OUR TABLE WAS AT THE REAR OF JACOB
Wirth’s. Bolton was on his second dark beer before dinner, and in storytelling mode.

“We’d just gotten the DNA lab up and running,” he said. “A couple of department clowns were fussing about whether Albert DeSalvo was the ‘Boston Strangler.’ They wanted to run tests, make a definitive announcement, but they didn’t have anything to test. Jimmy Wheaton, BTT’s guy who does ‘Talk about Boston,’ called. I figured he wanted to discuss the new lab, but the last time I was on that show, Wheaton threw me more than a few curveballs. I made these cards, about the size of business cards, and I printed ‘Fuck You’ on each one.”

“Not very nice, Raymond,” I said. “Sounds like something I’d do.”

“Listen,” he continued. “Jimmy’s first question was about the bad blood between some of the cops and the highway department. There was stuff in the
Boston Record
, but that was all I knew about it. Instead of answering the question, I handed him a
card. We were on live. He handled the first one, skirted the issue, asked me about the lab, then he landed on the BPD’s image. I gave him another one.”

I laughed.

“At the commercial break he said, ‘Ray, you’re killing me. What are you doing?’ I told him to stop using me as a straight man, and we were fine for the last twenty minutes. I got the idea from you.”

“Bullshit.”

“The hell,” Bolton said with a laugh. “You were my inspiration. Where was it?”

“D.C.,” I said.

“That’s right. It was back when they had the seven-second tape delay. You told the guy that every time he asked a hinky question you were going to say one of those words you aren’t supposed to say on the air. The guy was cocky. He told you about the tape delay. You said that was fine, you’d just repeat each word for eight seconds.”

“A knowledge of syphilis is not an instruction to get it,” I said, paraphrasing my favorite philosopher of culture, Lenny Bruce.

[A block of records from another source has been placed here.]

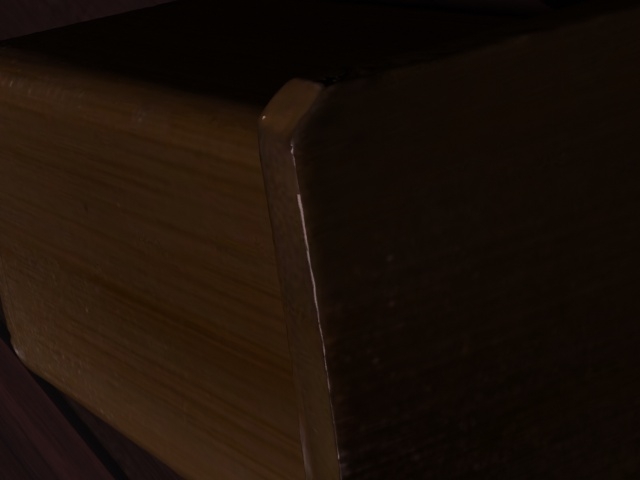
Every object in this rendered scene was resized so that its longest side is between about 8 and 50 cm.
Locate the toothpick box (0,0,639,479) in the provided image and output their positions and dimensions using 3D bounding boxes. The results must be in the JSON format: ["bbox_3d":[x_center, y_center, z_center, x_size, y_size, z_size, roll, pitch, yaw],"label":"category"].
[{"bbox_3d":[0.000,0.000,0.518,0.308,0.190,0.188,19,124,55],"label":"toothpick box"}]
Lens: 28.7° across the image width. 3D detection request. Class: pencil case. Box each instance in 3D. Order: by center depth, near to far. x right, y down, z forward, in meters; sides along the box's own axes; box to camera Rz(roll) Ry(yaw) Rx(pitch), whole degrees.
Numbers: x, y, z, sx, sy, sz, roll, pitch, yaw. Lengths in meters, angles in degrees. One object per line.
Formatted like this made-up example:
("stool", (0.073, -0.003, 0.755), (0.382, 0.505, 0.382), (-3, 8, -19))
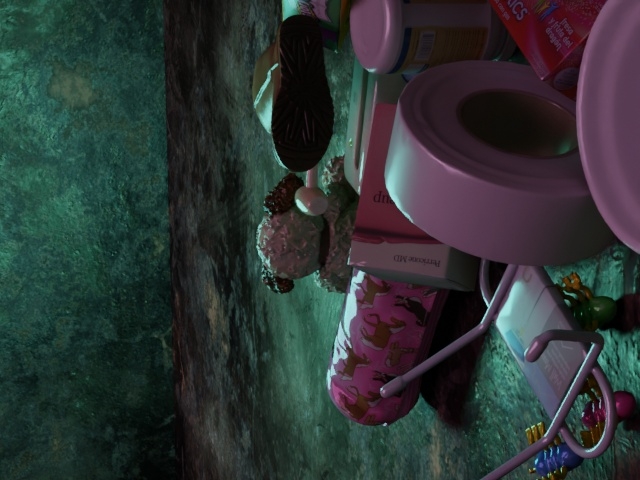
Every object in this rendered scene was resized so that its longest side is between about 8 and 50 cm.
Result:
("pencil case", (0.113, 0.117, 1.956), (0.167, 0.160, 0.386), (-91, 11, -49))

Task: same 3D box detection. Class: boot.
("boot", (-0.048, -0.199, 1.875), (0.269, 0.089, 0.236), (152, 123, -77))

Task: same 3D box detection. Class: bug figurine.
("bug figurine", (0.307, 0.169, 1.554), (0.216, 0.072, 0.279), (140, 128, -59))

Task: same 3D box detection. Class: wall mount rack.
("wall mount rack", (0.209, 0.155, 1.528), (0.350, 0.131, 0.304), (-115, 35, -46))

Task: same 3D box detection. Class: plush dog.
("plush dog", (0.000, 0.000, 2.129), (0.210, 0.225, 0.262), (-129, 39, -61))

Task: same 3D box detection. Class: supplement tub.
("supplement tub", (0.154, -0.297, 1.687), (0.144, 0.200, 0.144), (176, 90, -70))

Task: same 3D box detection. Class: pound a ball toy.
("pound a ball toy", (0.085, -0.177, 1.893), (0.136, 0.208, 0.319), (-127, 39, -59))

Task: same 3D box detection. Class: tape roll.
("tape roll", (0.220, -0.095, 1.429), (0.286, 0.286, 0.100), (-118, 30, -48))

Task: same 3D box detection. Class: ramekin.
("ramekin", (0.376, -0.122, 1.209), (0.277, 0.135, 0.277), (176, 90, -71))

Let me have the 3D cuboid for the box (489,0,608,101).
("box", (0.277, -0.274, 1.409), (0.122, 0.128, 0.257), (-45, 44, 24))

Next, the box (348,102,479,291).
("box", (0.143, -0.059, 1.710), (0.127, 0.149, 0.232), (25, -106, -64))

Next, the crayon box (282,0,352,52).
("crayon box", (0.051, -0.468, 1.729), (0.363, 0.106, 0.313), (91, -158, -80))

Our waiter delivered dinner and removed our empty mugs for refills. Bolton had the German mixed grill—bratwurst and weisswurst, sauerkraut, potato salad, and pickled red cabbage. I had ordered Jake’s special, knockwurst and bratwurst in red beer sauce, and the requisite sauerkraut and potato salad. I stabbed at Bolton’s cabbage.

“Waycross should be here,” I said.

“He’s not a nice drunk,” Bolton said. “He was drinking before Shannon died. He didn’t drink every day, but when he did, it was uncontrolled. The only department Christmas party he attended, he never left the bar. Shannon was with Louise and me most of the night. When we went home, I guess she danced with a couple of the guys. Neville went after one of them. Remember Steve Winslow?”